The lab had been captivated with the “big question”—figuring out what goes on in a dog’s brain. Details like the type of brain scanner, or where to find it, were just that: details. Up until this point, I hadn’t been concerned. The best part of being a scientist is when the ideas are coming so fast and furious that you can’t even write them down. You don’t have time to worry about details. They just get in the way.
But eventually we had to confront the practical aspects of pulling this off. And the first detail was finding an MRI facility that would let us bring dogs into its scanner.
Yerkes National Primate Research Center, located about a mile from the main Emory campus, was our first choice for the MRI scanning. Nestled in a valley lined with southern pines, Yerkes seemed ideal. It was a short drive from the lab, so we could easily move our equipment there. And because it was off the main street, it was also quiet
and peaceful. The last thing we wanted was to scare a potential canine subject with a trip through a busy intersection. From a dog’s perspective, I imagined Yerkes would look like a walk in the woods.

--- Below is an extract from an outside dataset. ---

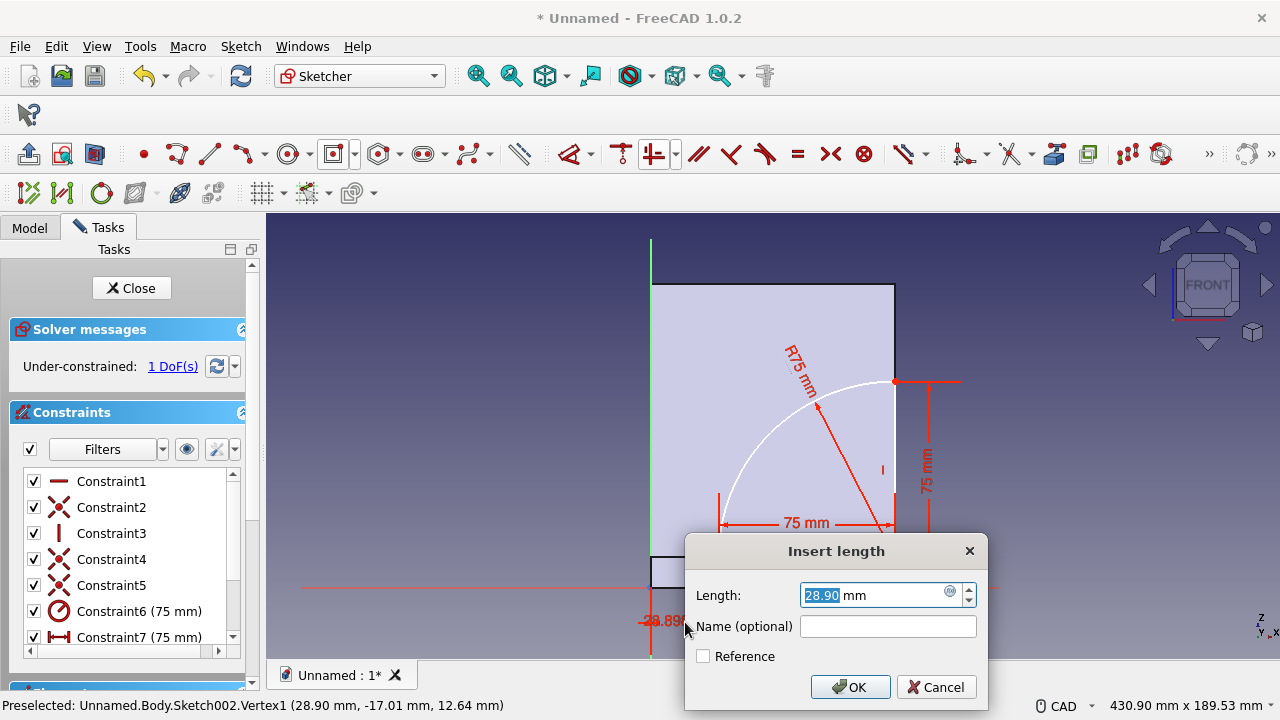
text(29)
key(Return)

Yerkes also specialized in the study of animals—primarily monkeys. Andrew and I congratulated each other on our good fortune. We had come up with the idea of scanning the brain of a fully awake dog, and one of the premier facilities for the study of animals turned out to be right in our backyard. In fact, there are only eight such facilities in the United States. Yerkes even had an MRI scanner dedicated specifically to the study of animals. A friend and colleague of mine, Leonard Howell, was director of the Yerkes Imaging Center and invited us to take a look at how they scan monkeys’ brains.

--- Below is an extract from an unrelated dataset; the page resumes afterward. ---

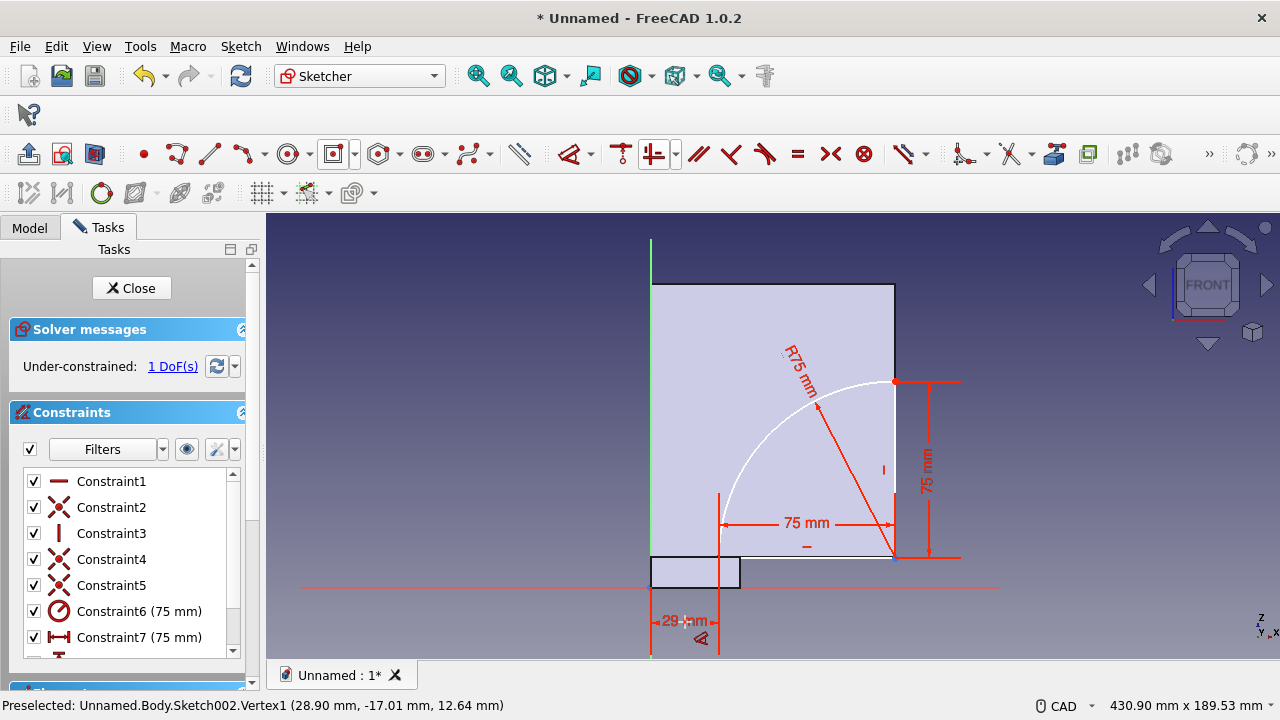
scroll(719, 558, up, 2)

Although the Yerkes MRI center is unusual in the sense that it was purposely built for the study of how primate brains function, it is actually not that unusual to have such a facility at a veterinary school or even at a high-tech veterinarian hospital. Any and all medical diagnostic tests performed on humans are now also done on animals. The challenge with obtaining an MRI of an animal, however, is that the subject must remain absolutely still. In a veterinary setting, this means sedating the animal with medication. But sedating an animal means that you can no longer study how the brain functions.

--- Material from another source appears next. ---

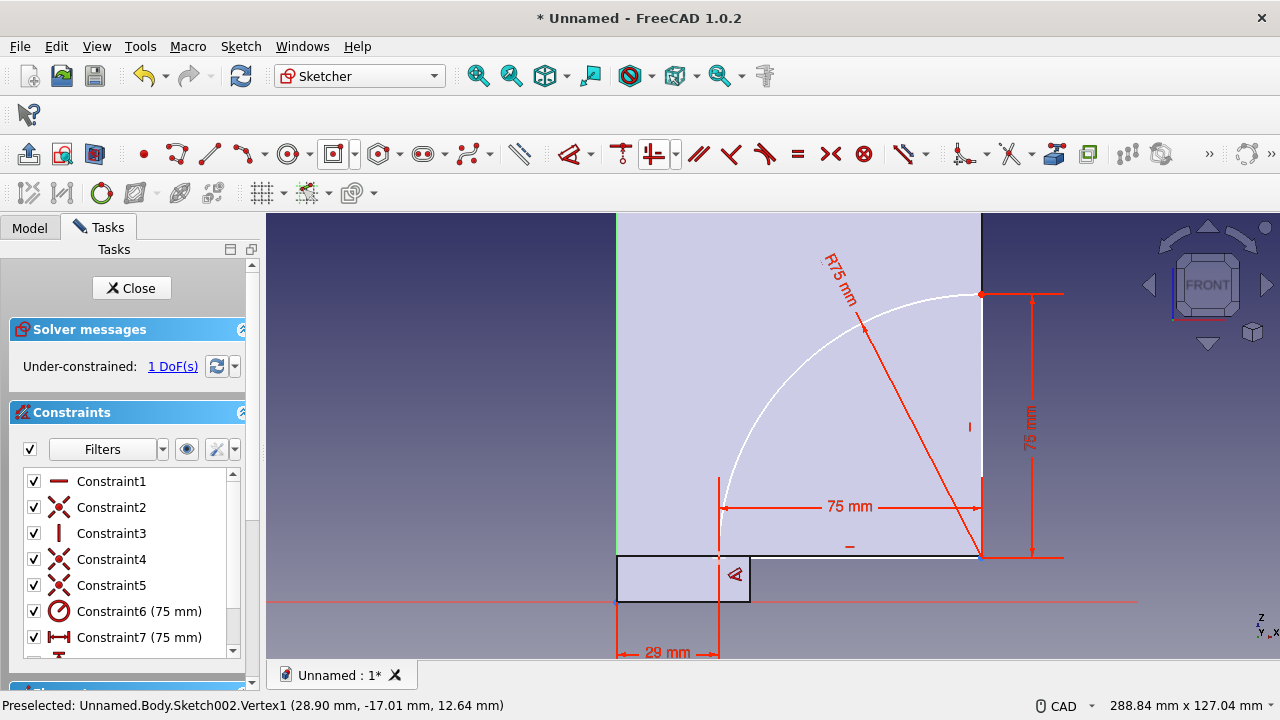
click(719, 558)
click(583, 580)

Leonard had pioneered a new approach to studying monkeys’ brains. Instead of sedating the monkeys, he had figured out how to scan their brains while fully awake. This was a big deal to neuroscientists. When you administer drugs that render the subject unconscious, you change brain function in a major way. How this happens is not really understood. While the unconscious state is interesting for its own sake, most neuroscientists spend their time trying to figure out how the conscious brain works. Having conscious subjects, animal or human, is critical.
Working with monkeys is a dangerous business. Monkeys are mean.
Not if-you-don’t-give-me-food-I’ll-ignore-you mean. More like if-you-don’t-give-me-food-I-will-rip-it-from-your-hand-and-eat-your-finger-and-chew-off-your-face-for-dessert mean. This presents certain logistical problems for scanning their brains, especially if they are to remain fully awake.
What’s more, because they are closely related to humans, diseases can pass between the species with ease. For instance, HIV, the virus that causes AIDS, is believed to have originated in African chimpanzees. Monkeys harbor a strain of the herpes virus that is fatal to humans, which can be passed along if, for example, one spits on you, which monkeys often do. The monkeys also have to be protected from us. If humans can catch diseases from monkeys, the opposite is also true. Monkeys are particularly susceptible to tuberculosis. For all of these reasons, scientists must take extraordinary safety precautions to work around monkeys.